Ramie. Ramie. Ramie.
“Ramie,” I whispered, testing the name out on my tongue.
Still nothing.
“I went to the police. They said no one was looking for me. No missing persons report. Why didn’t you look for me if I was missing?” I asked.
Tanner shook his head. “I didn’t want to have to be the one to tell you this, but you had this friend, and she was going through some bad stuff. She got in trouble a lot. You left a note, said you were running away. They didn’t look for you because they didn’t think you wanted to be found. You had just turned eighteen. You were an adult. There was no missing persons report because you weren’t missing. You were just gone.”
“I left?” I asked.
“Yes.”
“I left you?”
“Yeah,” he admitted. “You left me. And your mom. And your dad. Everyone.”
I had a mom.
“Why isn’t my mom here?” I asked.
“We didn’t want to overwhelm you. Your mom is at home, waiting for you to arrive, but your dad is in the car.” Tanner said, pointing to the town car with the blacked out windows, still running on the driveway.
“I still don’t remember. I thought I would remember if I saw someone from my past, if they told me who I was, but I don’t.” My head spun. If I didn’t remember him face to face, would I ever remember him?
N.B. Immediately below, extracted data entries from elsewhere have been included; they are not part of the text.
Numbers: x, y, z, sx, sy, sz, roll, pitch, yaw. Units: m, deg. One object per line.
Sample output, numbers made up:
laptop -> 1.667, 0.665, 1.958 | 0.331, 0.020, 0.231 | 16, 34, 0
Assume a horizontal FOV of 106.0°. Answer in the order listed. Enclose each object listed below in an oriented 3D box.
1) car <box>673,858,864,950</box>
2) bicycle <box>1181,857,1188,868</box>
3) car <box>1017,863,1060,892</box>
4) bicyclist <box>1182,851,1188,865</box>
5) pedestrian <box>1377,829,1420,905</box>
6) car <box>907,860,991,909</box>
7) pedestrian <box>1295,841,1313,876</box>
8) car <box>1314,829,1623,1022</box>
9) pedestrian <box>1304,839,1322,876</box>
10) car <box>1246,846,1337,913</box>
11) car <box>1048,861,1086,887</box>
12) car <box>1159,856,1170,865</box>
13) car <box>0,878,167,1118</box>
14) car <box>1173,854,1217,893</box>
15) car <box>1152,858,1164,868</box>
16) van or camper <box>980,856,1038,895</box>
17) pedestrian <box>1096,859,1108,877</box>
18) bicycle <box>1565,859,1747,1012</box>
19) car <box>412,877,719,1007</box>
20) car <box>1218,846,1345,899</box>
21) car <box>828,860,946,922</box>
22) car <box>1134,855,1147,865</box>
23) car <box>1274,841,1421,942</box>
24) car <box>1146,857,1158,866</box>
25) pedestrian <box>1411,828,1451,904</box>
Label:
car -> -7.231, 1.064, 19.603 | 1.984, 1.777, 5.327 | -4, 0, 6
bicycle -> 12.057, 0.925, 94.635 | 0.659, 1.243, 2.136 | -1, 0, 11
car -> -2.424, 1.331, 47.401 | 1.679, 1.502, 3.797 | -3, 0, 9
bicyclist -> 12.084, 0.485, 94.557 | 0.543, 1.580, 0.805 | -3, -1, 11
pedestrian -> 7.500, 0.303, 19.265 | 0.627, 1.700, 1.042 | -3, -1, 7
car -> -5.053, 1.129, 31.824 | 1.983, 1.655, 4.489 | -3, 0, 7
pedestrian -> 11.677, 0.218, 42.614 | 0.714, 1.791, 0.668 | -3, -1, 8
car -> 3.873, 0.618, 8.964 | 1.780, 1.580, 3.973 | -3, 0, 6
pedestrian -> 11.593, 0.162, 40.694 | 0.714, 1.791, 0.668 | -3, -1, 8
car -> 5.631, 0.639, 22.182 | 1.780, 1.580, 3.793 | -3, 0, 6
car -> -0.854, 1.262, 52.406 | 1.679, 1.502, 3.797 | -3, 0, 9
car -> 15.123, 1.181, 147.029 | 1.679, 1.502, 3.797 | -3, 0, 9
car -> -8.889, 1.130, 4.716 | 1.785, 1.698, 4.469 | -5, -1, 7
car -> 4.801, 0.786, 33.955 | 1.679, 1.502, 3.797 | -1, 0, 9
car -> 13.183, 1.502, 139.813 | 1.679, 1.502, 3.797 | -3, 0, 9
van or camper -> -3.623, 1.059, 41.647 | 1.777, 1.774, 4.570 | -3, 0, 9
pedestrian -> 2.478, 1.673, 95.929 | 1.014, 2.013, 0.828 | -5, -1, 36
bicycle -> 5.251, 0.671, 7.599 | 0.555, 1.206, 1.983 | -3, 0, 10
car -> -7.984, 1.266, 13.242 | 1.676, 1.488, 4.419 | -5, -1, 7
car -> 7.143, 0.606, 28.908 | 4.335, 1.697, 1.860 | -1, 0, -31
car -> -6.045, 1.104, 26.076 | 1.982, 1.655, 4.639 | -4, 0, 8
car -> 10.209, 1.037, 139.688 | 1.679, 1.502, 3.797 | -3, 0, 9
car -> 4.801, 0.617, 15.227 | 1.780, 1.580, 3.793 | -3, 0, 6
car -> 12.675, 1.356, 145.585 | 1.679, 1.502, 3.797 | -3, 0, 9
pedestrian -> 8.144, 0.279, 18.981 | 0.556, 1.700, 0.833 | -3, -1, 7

Would I ever remember anyone?
“You will, but it will take time. You just need to get back into the groove of things for a while. Your normal routine. It will come back to you. We won’t rush it. Your mom’s got the best doctors already on call. Specialists. You’ll be back to your old self in no time,” he said, nudging my shoulder.
King had already told them everything. At least enough for my mom to already have doctors at the ready.
The girl who I’d given up on might be back after all.
The back door of the car opened again, and out stepped a tall man in a sharp black suit and a solid red tie.
“Who is that?” I asked Tanner.
“Your dad,” he told me. “The senator.”
“Ramie,” the man said. “Your mother is worried sick. Let’s go. Get in the car,” he said sternly, buttoning the bottom button of his suit jacket.
It was ninety degrees outside, and there wasn’t one drop of sweat on his forehead. No redness on his cheeks. It’s like he was too important to be affected by the heat.
From above me, King leaned forward over the railing. With the light of the sun directly overhead, his massive frame cast a shadow onto the ground.
He really did look like a King. A force to be reckoned with. Zeus, on his perch above the world.
The senator stepped out of King’s shadow as if he were too good to be standing in it. This irked me.
He wasn’t better than King.
No one was.
King was a bad guy, but he was my bad guy. He was more than that. He was my world. My heart. These people may have known who I was before, but I knew who I was now, and the two versions of me were going to have to figure out how to merge before I uprooted what I had with King in search of something unknown.